Within phylogenetic group 2, only one PME differed from the general floral bud expression pattern. At5g49180 expression clustered with that of At1g11590, At4g02300 and At4g03930, showing a specificity of expression during early stages of silique development, up to stages 7–8 DAF, and specifically in seed for At5g49180 and At1g11590 (data not shown). While microarray data analysis confirmed high expression for At5g49180 at globular/torpedo stages, no such results were available for the three other members of our expression group E (http://www.arabidopsis.org). At1g11590 and At4g03930 promoters were 87% identical, containing GARE motifs necessary for gibberelin-upregulated expression in seeds (Suto and Yamauchi 2003).

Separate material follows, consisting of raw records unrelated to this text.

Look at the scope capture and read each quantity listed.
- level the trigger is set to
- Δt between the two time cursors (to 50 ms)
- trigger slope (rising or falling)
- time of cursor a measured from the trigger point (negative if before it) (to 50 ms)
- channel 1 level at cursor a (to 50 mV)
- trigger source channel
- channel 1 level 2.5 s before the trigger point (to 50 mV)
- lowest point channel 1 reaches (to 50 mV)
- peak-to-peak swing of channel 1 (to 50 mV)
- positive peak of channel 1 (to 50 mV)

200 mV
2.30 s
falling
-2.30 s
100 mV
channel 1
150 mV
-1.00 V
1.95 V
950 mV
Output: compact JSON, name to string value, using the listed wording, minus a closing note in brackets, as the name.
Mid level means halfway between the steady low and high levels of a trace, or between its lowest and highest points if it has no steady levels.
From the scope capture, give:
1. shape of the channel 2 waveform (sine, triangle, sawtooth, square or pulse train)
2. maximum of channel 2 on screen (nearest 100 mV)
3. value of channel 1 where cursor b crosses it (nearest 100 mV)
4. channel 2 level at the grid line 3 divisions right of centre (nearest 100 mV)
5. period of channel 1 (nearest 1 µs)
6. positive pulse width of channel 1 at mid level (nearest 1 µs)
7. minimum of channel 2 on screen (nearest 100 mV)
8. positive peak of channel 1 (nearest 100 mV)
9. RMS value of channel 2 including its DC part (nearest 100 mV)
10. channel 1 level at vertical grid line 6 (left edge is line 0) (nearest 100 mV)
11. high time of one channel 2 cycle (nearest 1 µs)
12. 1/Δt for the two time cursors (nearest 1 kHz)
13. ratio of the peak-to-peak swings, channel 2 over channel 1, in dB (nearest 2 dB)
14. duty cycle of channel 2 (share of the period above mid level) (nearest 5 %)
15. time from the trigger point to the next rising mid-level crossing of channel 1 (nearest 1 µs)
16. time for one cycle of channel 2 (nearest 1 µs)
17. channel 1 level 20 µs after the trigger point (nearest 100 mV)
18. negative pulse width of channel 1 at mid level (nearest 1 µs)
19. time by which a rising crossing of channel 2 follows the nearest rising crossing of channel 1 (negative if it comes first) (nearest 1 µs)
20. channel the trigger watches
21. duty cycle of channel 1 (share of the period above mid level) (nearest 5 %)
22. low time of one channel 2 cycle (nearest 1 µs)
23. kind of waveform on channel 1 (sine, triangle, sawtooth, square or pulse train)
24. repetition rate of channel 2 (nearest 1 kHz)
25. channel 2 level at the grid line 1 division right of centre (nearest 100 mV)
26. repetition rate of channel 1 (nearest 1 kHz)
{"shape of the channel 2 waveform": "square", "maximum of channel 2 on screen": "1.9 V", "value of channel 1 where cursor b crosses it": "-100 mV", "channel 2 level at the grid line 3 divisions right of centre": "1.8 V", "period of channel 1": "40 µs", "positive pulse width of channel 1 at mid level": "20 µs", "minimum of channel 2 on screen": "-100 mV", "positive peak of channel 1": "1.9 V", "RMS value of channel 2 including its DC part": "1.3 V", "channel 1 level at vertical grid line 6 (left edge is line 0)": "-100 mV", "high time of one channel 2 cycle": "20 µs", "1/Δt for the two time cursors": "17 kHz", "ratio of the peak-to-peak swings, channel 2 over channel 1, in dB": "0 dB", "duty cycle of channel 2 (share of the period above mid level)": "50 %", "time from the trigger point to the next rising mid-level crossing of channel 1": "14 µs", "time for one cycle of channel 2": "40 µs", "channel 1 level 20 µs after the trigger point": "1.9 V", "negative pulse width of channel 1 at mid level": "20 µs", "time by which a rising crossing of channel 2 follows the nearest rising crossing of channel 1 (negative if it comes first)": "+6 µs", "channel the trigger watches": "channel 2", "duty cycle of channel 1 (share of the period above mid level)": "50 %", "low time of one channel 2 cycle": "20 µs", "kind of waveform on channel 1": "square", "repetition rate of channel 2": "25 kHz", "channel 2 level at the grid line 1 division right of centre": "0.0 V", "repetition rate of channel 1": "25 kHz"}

At4g02300 and At5g49180 promoters contained embryo-specific expression motifs (Kim et al. 1997). Thus, cluster group E is likely to contain young seed-specific PMEs. Activities of PMEs increased in yellow cedar seeds at the onset of dormancy breakage and germination (Ren and Kermode 2000) as well as in flax during early seedling development (Alexandre et al. 1997). Moreover, in soybean seeds, pectin esterase activity had a biphasic phase with a maximum in axes at 24 DAF, a minimum at 56 DAF and an increase during desiccation phase (Koch et al. 1999). A biphasic expression was shown for PME transcripts during silique development in our study, and genes, such as At5g49180, At1g11590, At4g02300, could contribute to a first peak of PME activity which might be involved in the early event of embryo/seed development.

Conclusion

The expression kinetics of an entire cell wall gene family during silique development in Arabidopsis was determined. The expression of most PMEs was detected in flowers or siliques, and the gene family could be split into five groups according to their expression patterns. Correlations were made between expression profiles and phylogenetic analysis, showing that closely related sequences could have similar expression kinetics. Real-time RT-PCR studies, together with promoter–GUS fusions will allow the functional genomic approach to be targeted on candidates important during specific silique developmental stages. This will help the precise function of the various PMEs to be determined.